In the same way, if the self-healing platform receives the message triggered by adaptive traffic limiting and finds that the problem is not a stand-alone problem but the overall capacity problem, it can perform rapid capacity expansion to realize self-healing of the capacity problem.

Limit current X downgrading center

When a heavily dependent service fails, traffic limiting ensures that the service does not avalanche due to capacity problems and does not improve service availability. Traffic can be diverted when a single failure occurs, but what should be done when an overall failure occurs?

A better approach is to forward the request to a pre-prepared degraded service.

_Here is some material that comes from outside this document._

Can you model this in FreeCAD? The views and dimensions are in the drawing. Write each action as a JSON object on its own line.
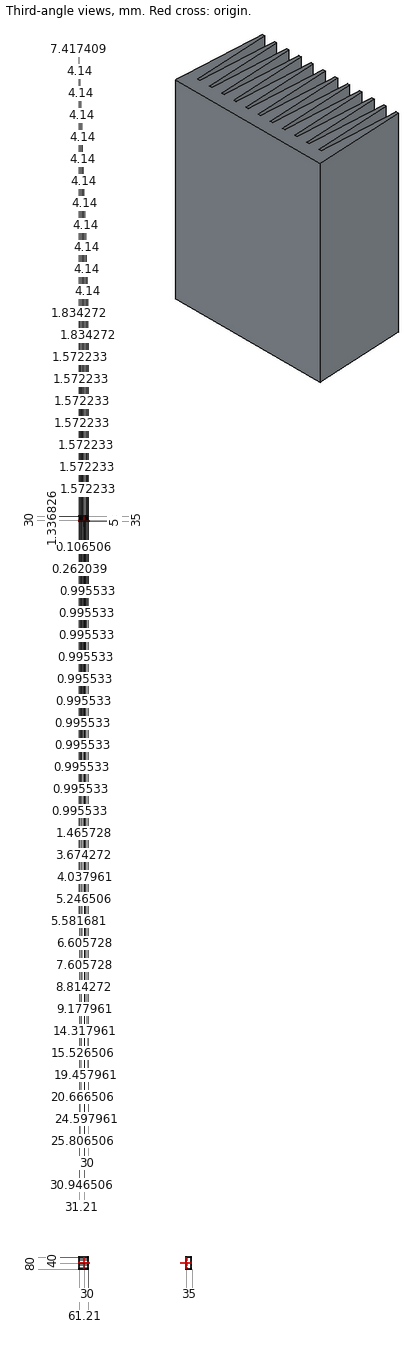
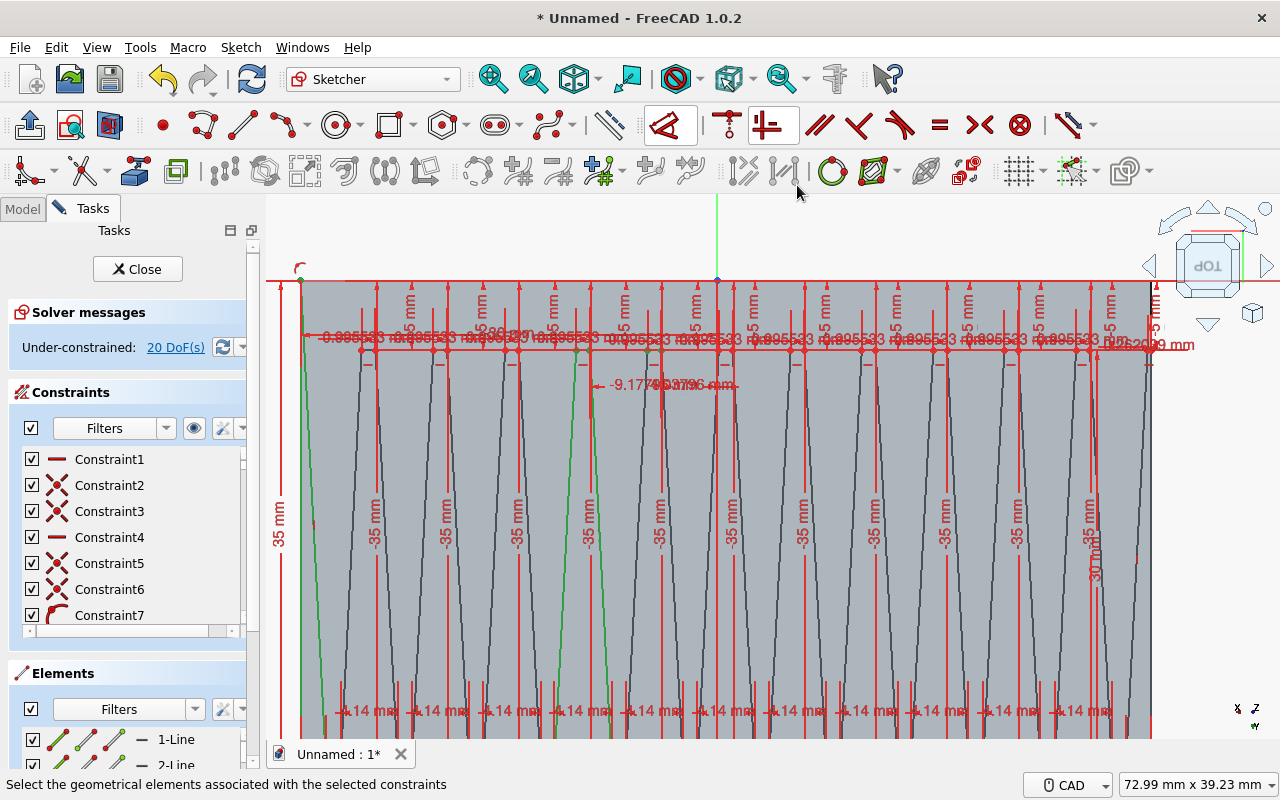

Demotion mediators, implemented on the Serverless platform, can sink some of the general logic of demotion into the base (for example: Cache billing, asynchronous recovery, etc.), the service can implement its Serverless service degradation module according to actual requirements. In this way, even when the service is completely unavailable, the MOSN can still forward the request to the degraded service, so as to achieve a higher service availability.

“Total” “

With the gradual enrichment and improvement of MOSN traffic limiting capability and the construction of more Mesh high availability capability in the future, MOSN has gradually become an important link in the technical risk and high availability infrastructure.

The above is our experience sharing of Mesh limiting practice and implementation. We hope that you can have a deeper understanding and understanding of Service Mesh through these sharing. We also hope that you can pay more attention to MOSN, so that we can get more feedback from the community and help us do better.